Further on, Scott reveals the political hypocrisy that belies these films: "Much as they may fetishize courage and individualism, these movies are above all devoted to the protection of a status quo only tangentially (or tendentiously) related to truth, justice and the American Way. The DC and Marvel superheroes, champions of democracy in the ’40s and ’50s and pop rebels in the ’60s and ’70s, have become, in the 21st century, avatars of reaction."
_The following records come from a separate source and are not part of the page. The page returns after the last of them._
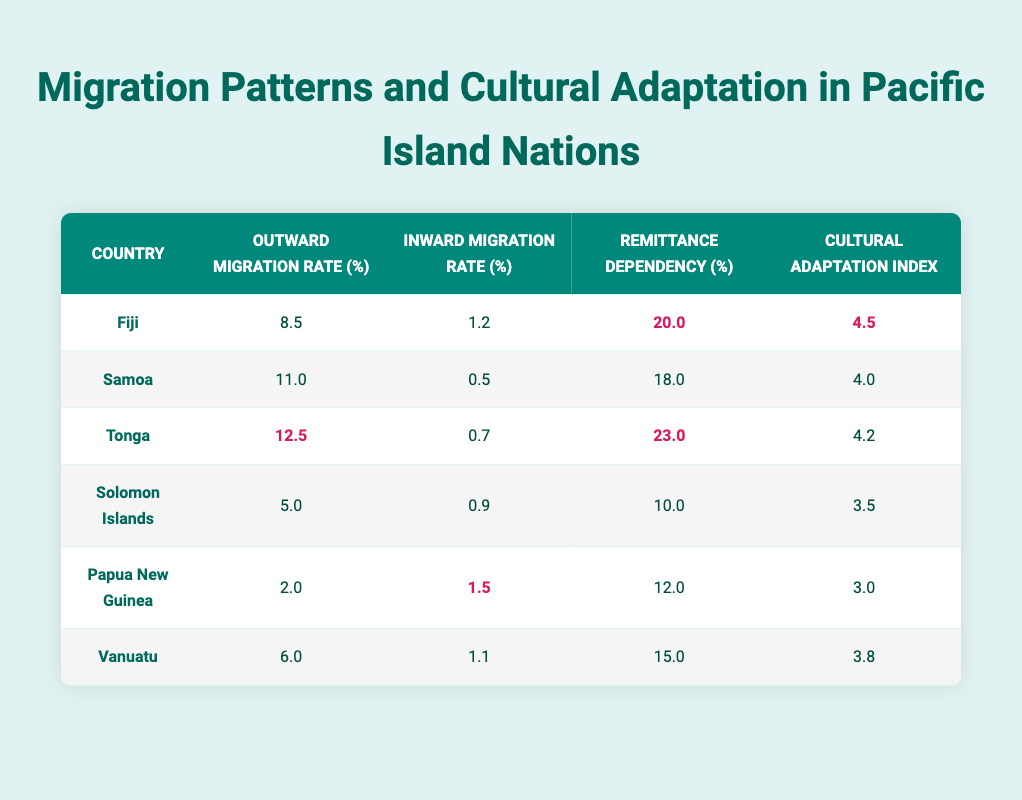What is the outward migration rate for Tonga? The table shows that Tonga has an outward migration rate of 12.5%.
Answer: 12.5% Which country has the highest cultural adaptation index? According to the table, Fiji has the highest cultural adaptation index listed at 4.5.
Answer: Fiji Is the inward migration rate for Samoa greater than for Solomon Islands? The table indicates that Samoa's inward migration rate is 0.5%, whereas Solomon Islands has an inward migration rate of 0.9%. Therefore, 0.5% is not greater than 0.9%.
Answer: No What is the average remittance dependency among the countries listed? To find the average, sum the remittance dependencies: 20.0 + 18.0 + 23.0 + 10.0 + 12.0 + 15.0 = 108. Then, divide by the number of countries (6): 108 / 6 = 18.
Answer: 18.0 Which country has the lowest outward migration rate, and what is that rate? From the table, the lowest outward migration rate is found for Papua New Guinea at 2.0%.
Answer: Papua New Guinea; 2.0% Are there any countries with a remittance dependency of less than 15%? The table shows that the remittance dependency for Solomon Islands (10.0%) and Papua New Guinea (12.0%) are both less than 15%.
Answer: Yes What is the difference between the cultural adaptation index of Fiji and Vanuatu? Fiji's cultural adaptation index is 4.5, while Vanuatu's is 3.8. The difference is calculated as 4.5 - 3.8 = 0.7.
Answer: 0.7 Which countries have an inward migration rate of above 1.0%? The table indicates that Fiji (1.2%), Papua New Guinea (1.5%), and Vanuatu (1.1%) have inward migration rates above 1.0%.
Answer: Fiji, Papua New Guinea, Vanuatu How do the outward migration rates for Samoa and Tonga compare? Samoa's outward migration rate is 11.0%, while Tonga's is 12.5%. Therefore, Tonga has a higher outward migration rate than Samoa.
Answer: Tonga has a higher rate 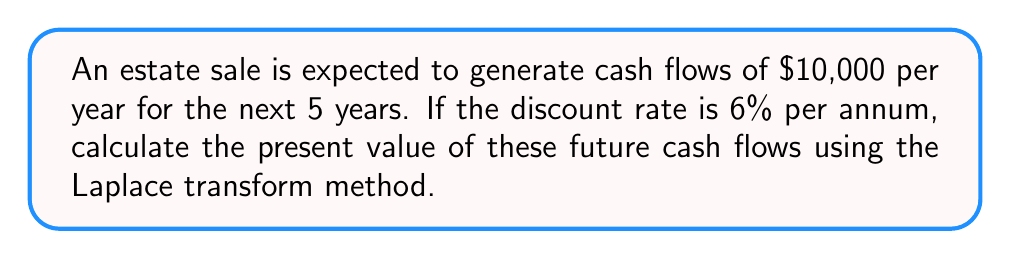Can you answer this question? To solve this problem using the Laplace transform method, we'll follow these steps:

1) First, let's define our cash flow function. Since we have constant cash flows of $10,000 per year for 5 years, our function is:

   $$f(t) = \begin{cases} 
   10000, & 0 \leq t < 5 \\
   0, & t \geq 5
   \end{cases}$$

2) The Laplace transform of this function is:

   $$F(s) = \int_0^5 10000e^{-st} dt$$

3) Solving this integral:

   $$F(s) = 10000 \left[-\frac{1}{s}e^{-st}\right]_0^5 = \frac{10000}{s}(1-e^{-5s})$$

4) The present value is given by $F(r)$, where $r$ is the discount rate. In this case, $r = 0.06$.

5) Substituting $s = 0.06$ into our $F(s)$:

   $$F(0.06) = \frac{10000}{0.06}(1-e^{-5(0.06)})$$

6) Simplifying:

   $$F(0.06) = 166666.67(1-e^{-0.3})$$
   $$F(0.06) = 166666.67(1-0.7408)$$
   $$F(0.06) = 166666.67(0.2592)$$
   $$F(0.06) = 43200$$

Therefore, the present value of the future cash flows is $43,200.
Answer: $43,200 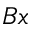Convert formula to latex. <formula><loc_0><loc_0><loc_500><loc_500>B x</formula> 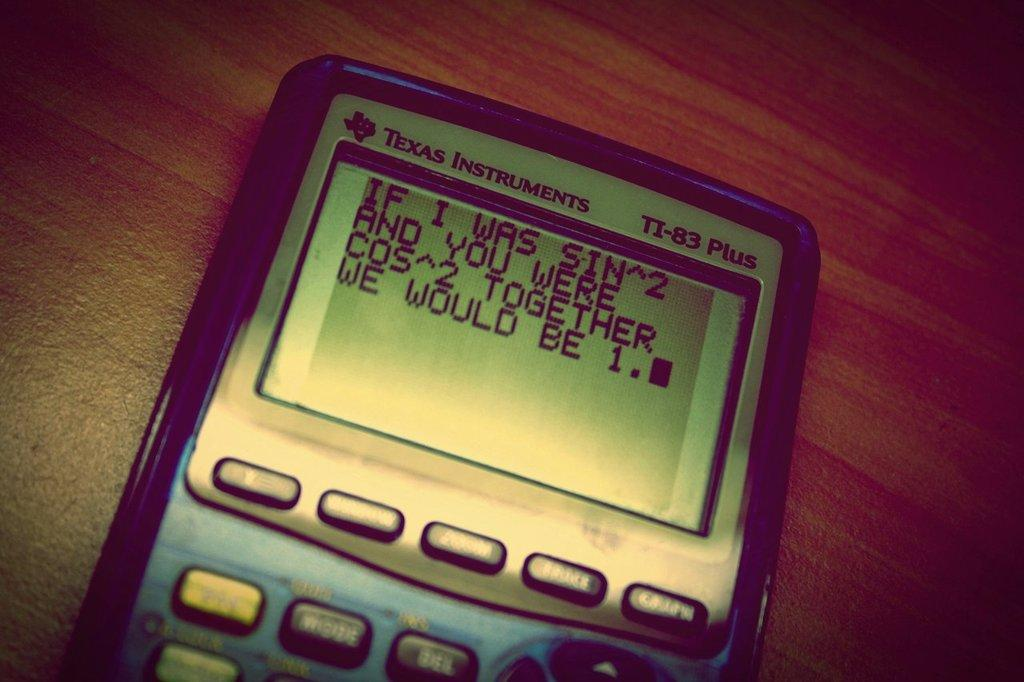<image>
Give a short and clear explanation of the subsequent image. A math joke is displayed on the screen of a Texas Instruments device.

It's no surprise to me, but Dargis also uses her New York Times pulpit to explore the racist and sexist underpinnings of everything from "Superman" to "Batman," which, as she rightfully notes, originated in mythologies from over 50 years ago and which the country seem to still be stuck in today. As she writes, "The world has moved on — there’s an African-American man in the Oval Office, a woman is the secretary of state — but the movie superhero remains stuck in a pre-feminist, pre-civil rights logic that dictates that a bunch of white dudes, as in 'The Avengers,' will save the world for the grateful multiracial, multicultural multitudes. What a bunch of super-nonsense."

If that weren't patriotic enough for you on this Independence Day's eve, Scott goes after the crass corporate bottom line that drives the franchises. "There is something paradoxical about the modern ascendance of the superhero: world domination is what these guys were born to fight, and here they are chasing after it in a fairly literal way," he writes, likening superheroes to "the rise of Hollywood itself."